**TASK INSTRUCTIONS**
Could you return all of the records exactly, minus their images?

**GIVEN RECORDS**
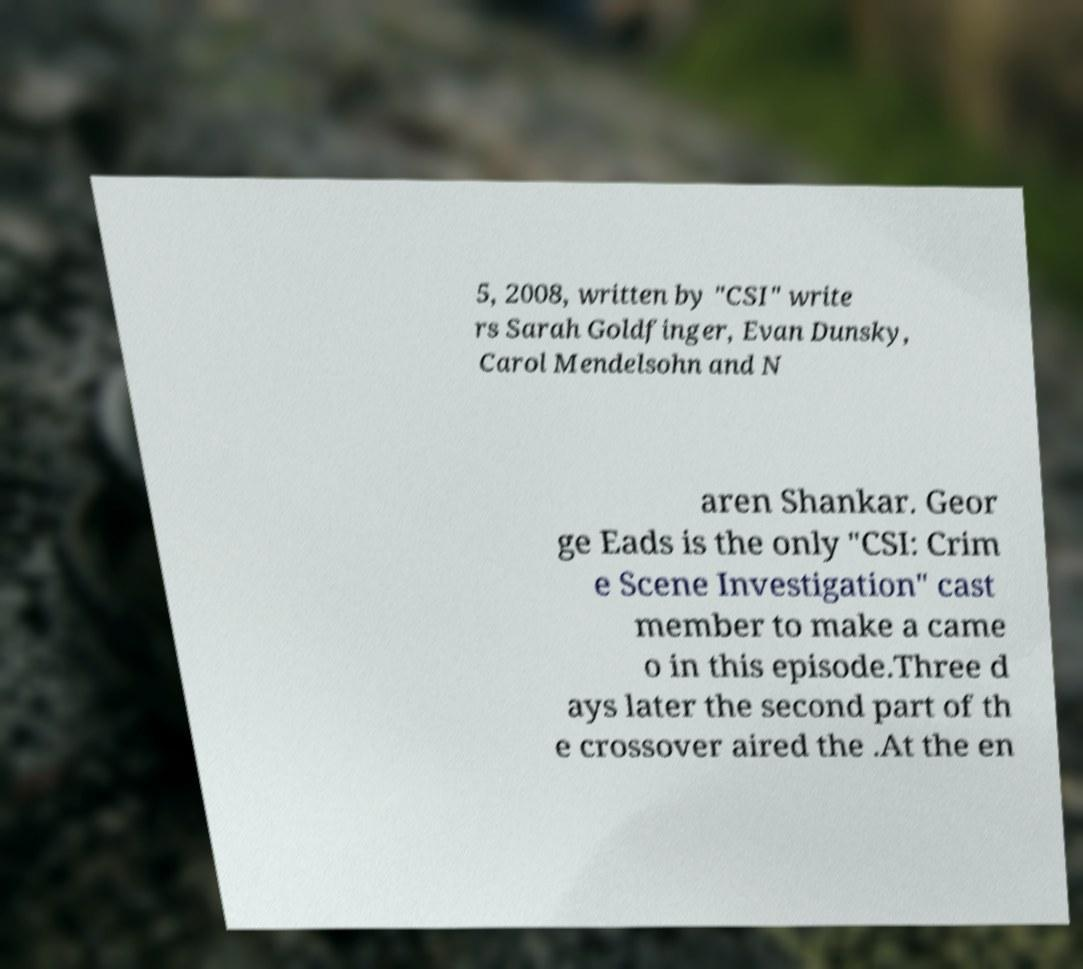Can you read and provide the text displayed in the image?This photo seems to have some interesting text. Can you extract and type it out for me? 5, 2008, written by "CSI" write rs Sarah Goldfinger, Evan Dunsky, Carol Mendelsohn and N aren Shankar. Geor ge Eads is the only "CSI: Crim e Scene Investigation" cast member to make a came o in this episode.Three d ays later the second part of th e crossover aired the .At the en 
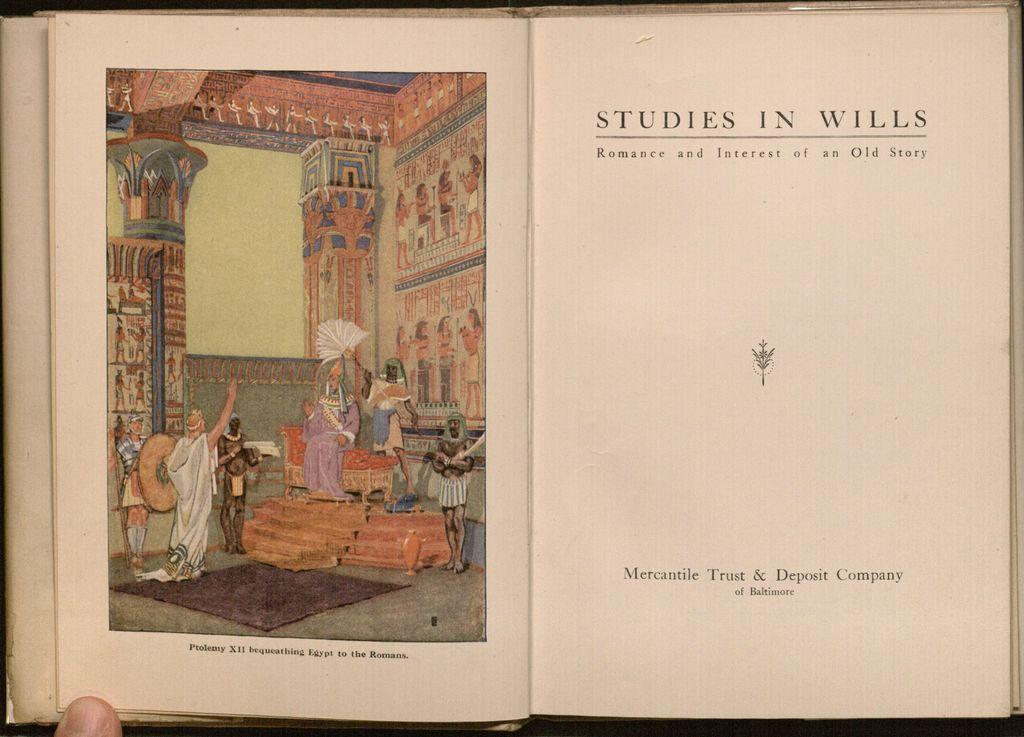<image>
Provide a brief description of the given image. an open copy of the book studies in wills. 
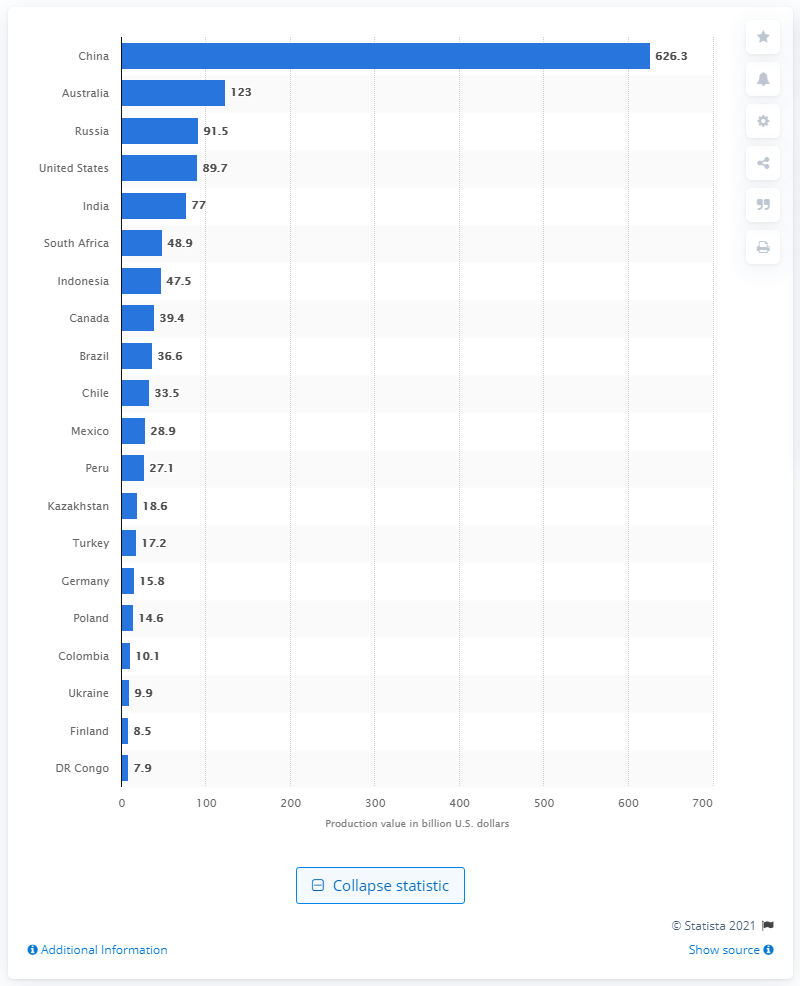Point out several critical features in this image. In 2016, the United States spent $89.7 billion in mineral production value. In 2016, China's mineral production value was estimated to be approximately 626.3 billion U.S. dollars. 
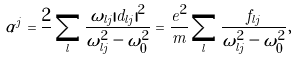<formula> <loc_0><loc_0><loc_500><loc_500>\alpha ^ { j } = \frac { 2 } { } \sum _ { l } \frac { \omega _ { l j } | d _ { l j } | ^ { 2 } } { \omega ^ { 2 } _ { l j } - \omega ^ { 2 } _ { 0 } } = \frac { e ^ { 2 } } { m } \sum _ { l } \frac { f _ { l j } } { \omega ^ { 2 } _ { l j } - \omega ^ { 2 } _ { 0 } } ,</formula> 
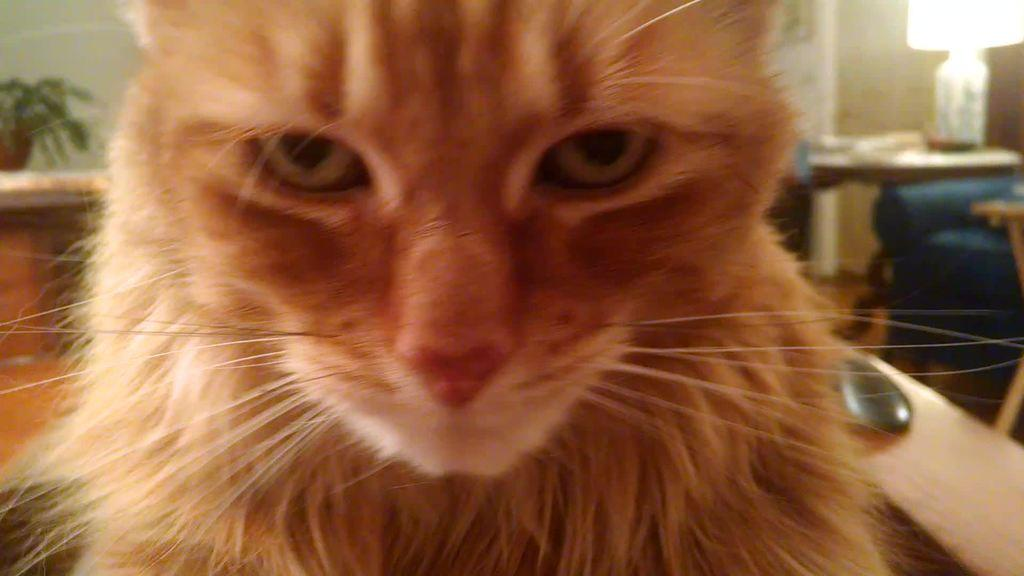What type of animal is in the image? There is a cat in the image. What color is the cat? The cat is brown in color. What furniture is present in the image? There is a table in the image, on which a lamp is placed. What type of plant container is in the image? There is a flower pot in the image. What architectural feature is visible in the image? There is a wall in the image. What type of waves can be seen crashing against the shore in the image? There are no waves or shore visible in the image; it features a cat, a lamp, a table, a flower pot, and a wall. 
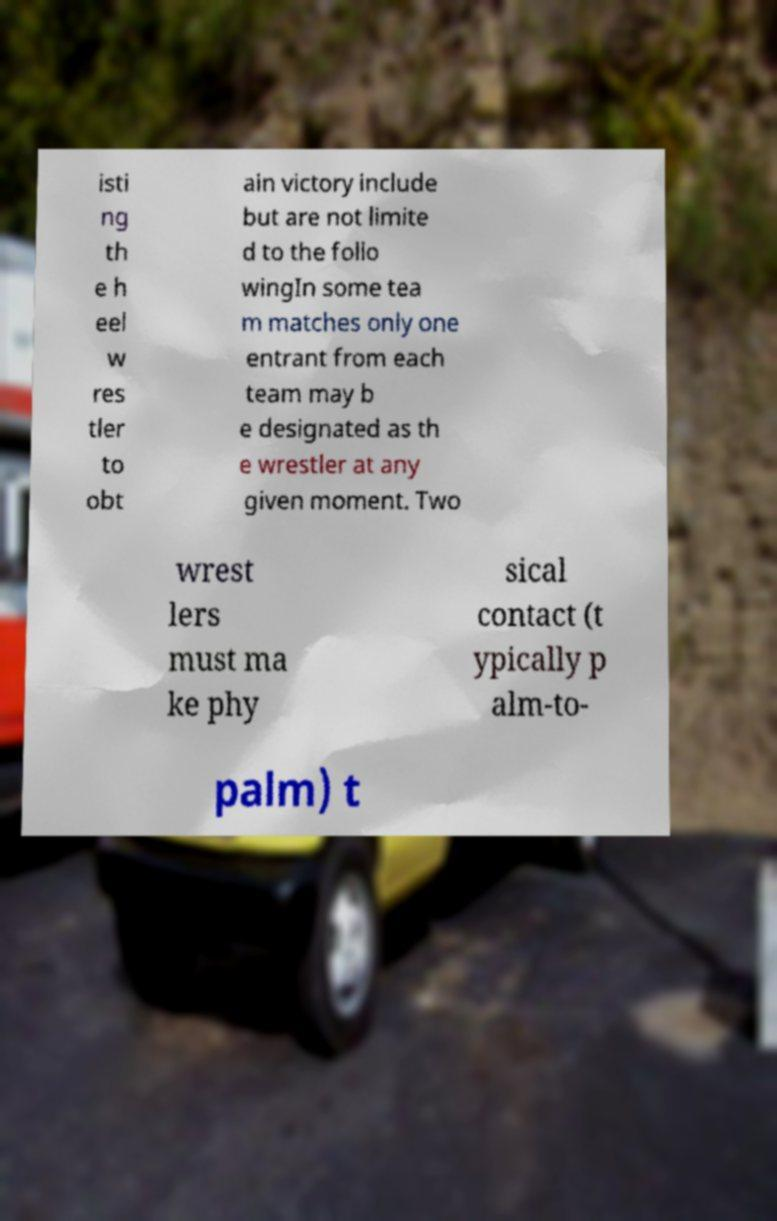Please identify and transcribe the text found in this image. isti ng th e h eel w res tler to obt ain victory include but are not limite d to the follo wingIn some tea m matches only one entrant from each team may b e designated as th e wrestler at any given moment. Two wrest lers must ma ke phy sical contact (t ypically p alm-to- palm) t 
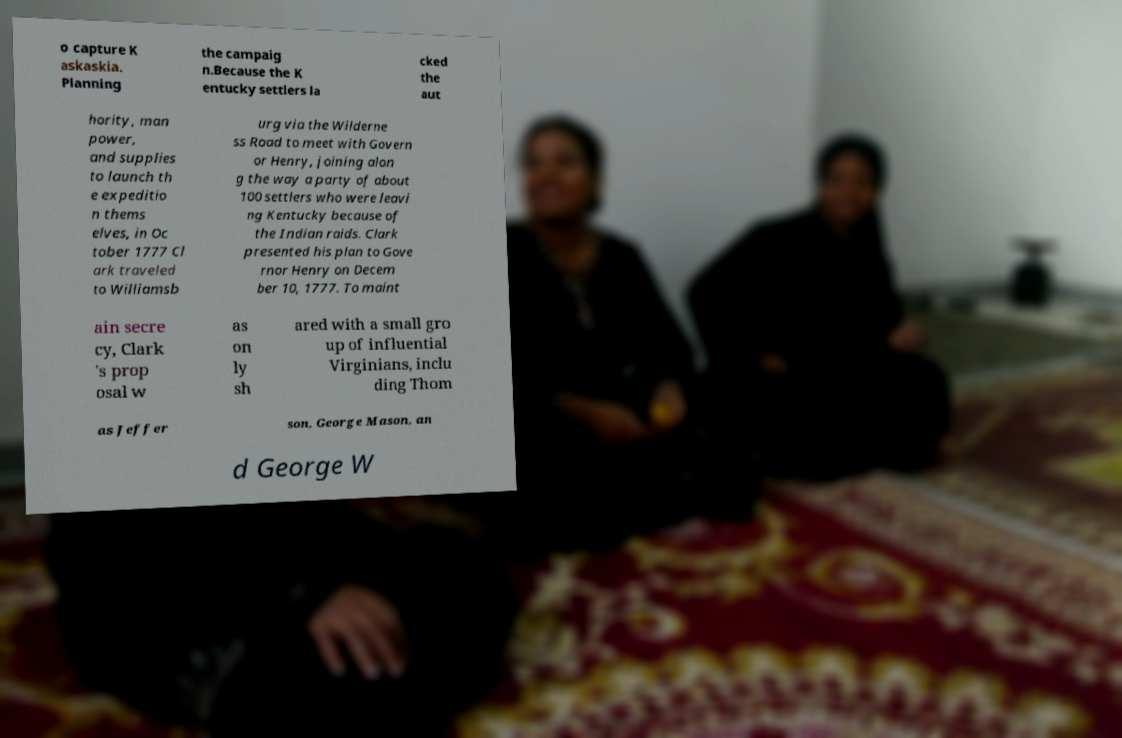Could you extract and type out the text from this image? o capture K askaskia. Planning the campaig n.Because the K entucky settlers la cked the aut hority, man power, and supplies to launch th e expeditio n thems elves, in Oc tober 1777 Cl ark traveled to Williamsb urg via the Wilderne ss Road to meet with Govern or Henry, joining alon g the way a party of about 100 settlers who were leavi ng Kentucky because of the Indian raids. Clark presented his plan to Gove rnor Henry on Decem ber 10, 1777. To maint ain secre cy, Clark 's prop osal w as on ly sh ared with a small gro up of influential Virginians, inclu ding Thom as Jeffer son, George Mason, an d George W 
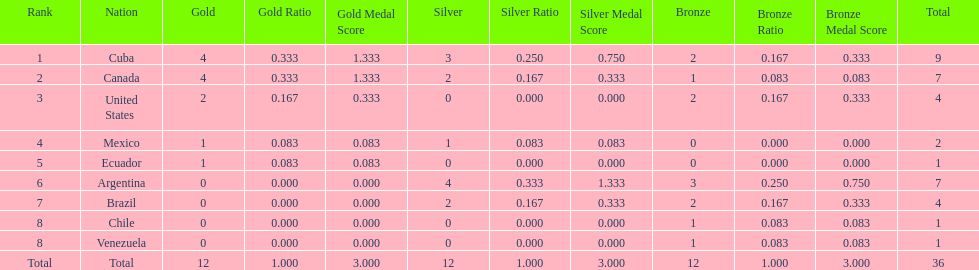How many total medals did brazil received? 4. Write the full table. {'header': ['Rank', 'Nation', 'Gold', 'Gold Ratio', 'Gold Medal Score', 'Silver', 'Silver Ratio', 'Silver Medal Score', 'Bronze', 'Bronze Ratio', 'Bronze Medal Score', 'Total'], 'rows': [['1', 'Cuba', '4', '0.333', '1.333', '3', '0.250', '0.750', '2', '0.167', '0.333', '9'], ['2', 'Canada', '4', '0.333', '1.333', '2', '0.167', '0.333', '1', '0.083', '0.083', '7'], ['3', 'United States', '2', '0.167', '0.333', '0', '0.000', '0.000', '2', '0.167', '0.333', '4'], ['4', 'Mexico', '1', '0.083', '0.083', '1', '0.083', '0.083', '0', '0.000', '0.000', '2'], ['5', 'Ecuador', '1', '0.083', '0.083', '0', '0.000', '0.000', '0', '0.000', '0.000', '1'], ['6', 'Argentina', '0', '0.000', '0.000', '4', '0.333', '1.333', '3', '0.250', '0.750', '7'], ['7', 'Brazil', '0', '0.000', '0.000', '2', '0.167', '0.333', '2', '0.167', '0.333', '4'], ['8', 'Chile', '0', '0.000', '0.000', '0', '0.000', '0.000', '1', '0.083', '0.083', '1'], ['8', 'Venezuela', '0', '0.000', '0.000', '0', '0.000', '0.000', '1', '0.083', '0.083', '1'], ['Total', 'Total', '12', '1.000', '3.000', '12', '1.000', '3.000', '12', '1.000', '3.000', '36']]} 
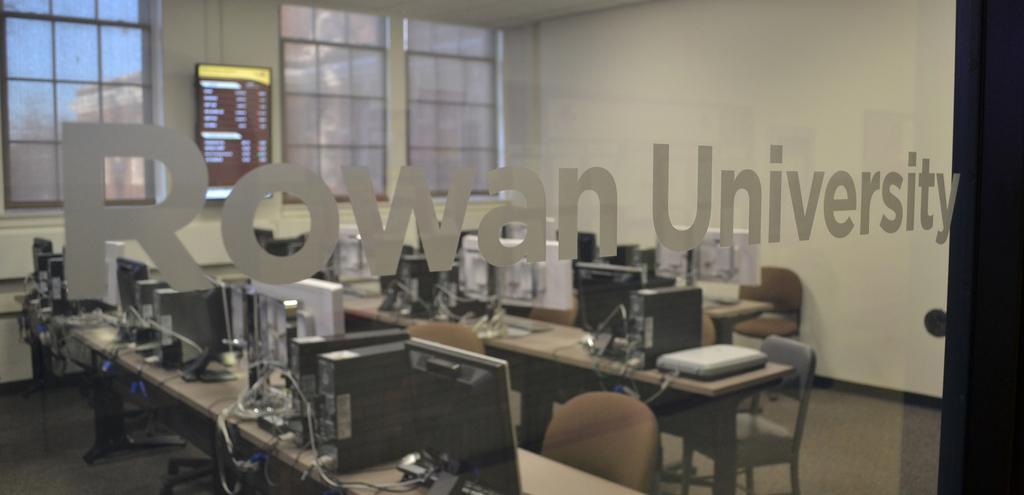Please provide a concise description of this image. This image is taken indoors. In the middle of the image there is a glass door with a text on it. Through the glass door, we can see there are a few tables with monitors, CPUs and many things on them. There are a few empty chairs on the floor. In the background there is a wall with windows and there is a television on the wall. At the top of the image there is a ceiling.

**COMPLETED EXERCISE**
Can you read and provide the text displayed in the image?This photo seems to have some interesting text. Can you extract and type it out for me? 5, 2008, written by "CSI" write rs Sarah Goldfinger, Evan Dunsky, Carol Mendelsohn and N aren Shankar. Geor ge Eads is the only "CSI: Crim e Scene Investigation" cast member to make a came o in this episode.Three d ays later the second part of th e crossover aired the .At the en 
<image>
Provide a brief description of the given image. an open copy of the book studies in wills. 
Point out several critical features in this image. In 2016, the United States spent $89.7 billion in mineral production value. In 2016, China's mineral production value was estimated to be approximately 626.3 billion U.S. dollars. 
<formula> <loc_0><loc_0><loc_500><loc_500>\alpha ^ { j } = \frac { 2 } { } \sum _ { l } \frac { \omega _ { l j } | d _ { l j } | ^ { 2 } } { \omega ^ { 2 } _ { l j } - \omega ^ { 2 } _ { 0 } } = \frac { e ^ { 2 } } { m } \sum _ { l } \frac { f _ { l j } } { \omega ^ { 2 } _ { l j } - \omega ^ { 2 } _ { 0 } } ,</formula> 
What type of animal is in the image? There is a cat in the image. What color is the cat? The cat is brown in color. What furniture is present in the image? There is a table in the image, on which a lamp is placed. What type of plant container is in the image? There is a flower pot in the image. What architectural feature is visible in the image? There is a wall in the image. What type of waves can be seen crashing against the shore in the image? There are no waves or shore visible in the image; it features a cat, a lamp, a table, a flower pot, and a wall. 
Please identify and transcribe the text found in this image. isti ng th e h eel w res tler to obt ain victory include but are not limite d to the follo wingIn some tea m matches only one entrant from each team may b e designated as th e wrestler at any given moment. Two wrest lers must ma ke phy sical contact (t ypically p alm-to- palm) t 
Could you extract and type out the text from this image? o capture K askaskia. Planning the campaig n.Because the K entucky settlers la cked the aut hority, man power, and supplies to launch th e expeditio n thems elves, in Oc tober 1777 Cl ark traveled to Williamsb urg via the Wilderne ss Road to meet with Govern or Henry, joining alon g the way a party of about 100 settlers who were leavi ng Kentucky because of the Indian raids. Clark presented his plan to Gove rnor Henry on Decem ber 10, 1777. To maint ain secre cy, Clark 's prop osal w as on ly sh ared with a small gro up of influential Virginians, inclu ding Thom as Jeffer son, George Mason, an d George W 
How many total medals did brazil received? 4. Write the full table. {'header': ['Rank', 'Nation', 'Gold', 'Gold Ratio', 'Gold Medal Score', 'Silver', 'Silver Ratio', 'Silver Medal Score', 'Bronze', 'Bronze Ratio', 'Bronze Medal Score', 'Total'], 'rows': [['1', 'Cuba', '4', '0.333', '1.333', '3', '0.250', '0.750', '2', '0.167', '0.333', '9'], ['2', 'Canada', '4', '0.333', '1.333', '2', '0.167', '0.333', '1', '0.083', '0.083', '7'], ['3', 'United States', '2', '0.167', '0.333', '0', '0.000', '0.000', '2', '0.167', '0.333', '4'], ['4', 'Mexico', '1', '0.083', '0.083', '1', '0.083', '0.083', '0', '0.000', '0.000', '2'], ['5', 'Ecuador', '1', '0.083', '0.083', '0', '0.000', '0.000', '0', '0.000', '0.000', '1'], ['6', 'Argentina', '0', '0.000', '0.000', '4', '0.333', '1.333', '3', '0.250', '0.750', '7'], ['7', 'Brazil', '0', '0.000', '0.000', '2', '0.167', '0.333', '2', '0.167', '0.333', '4'], ['8', 'Chile', '0', '0.000', '0.000', '0', '0.000', '0.000', '1', '0.083', '0.083', '1'], ['8', 'Venezuela', '0', '0.000', '0.000', '0', '0.000', '0.000', '1', '0.083', '0.083', '1'], ['Total', 'Total', '12', '1.000', '3.000', '12', '1.000', '3.000', '12', '1.000', '3.000', '36']]} 
Please provide a concise description of this image. This image is taken indoors. In the middle of the image there is a glass door with a text on it. Through the glass door, we can see there are a few tables with monitors, CPUs and many things on them. There are a few empty chairs on the floor. In the background there is a wall with windows and there is a television on the wall. At the top of the image there is a ceiling.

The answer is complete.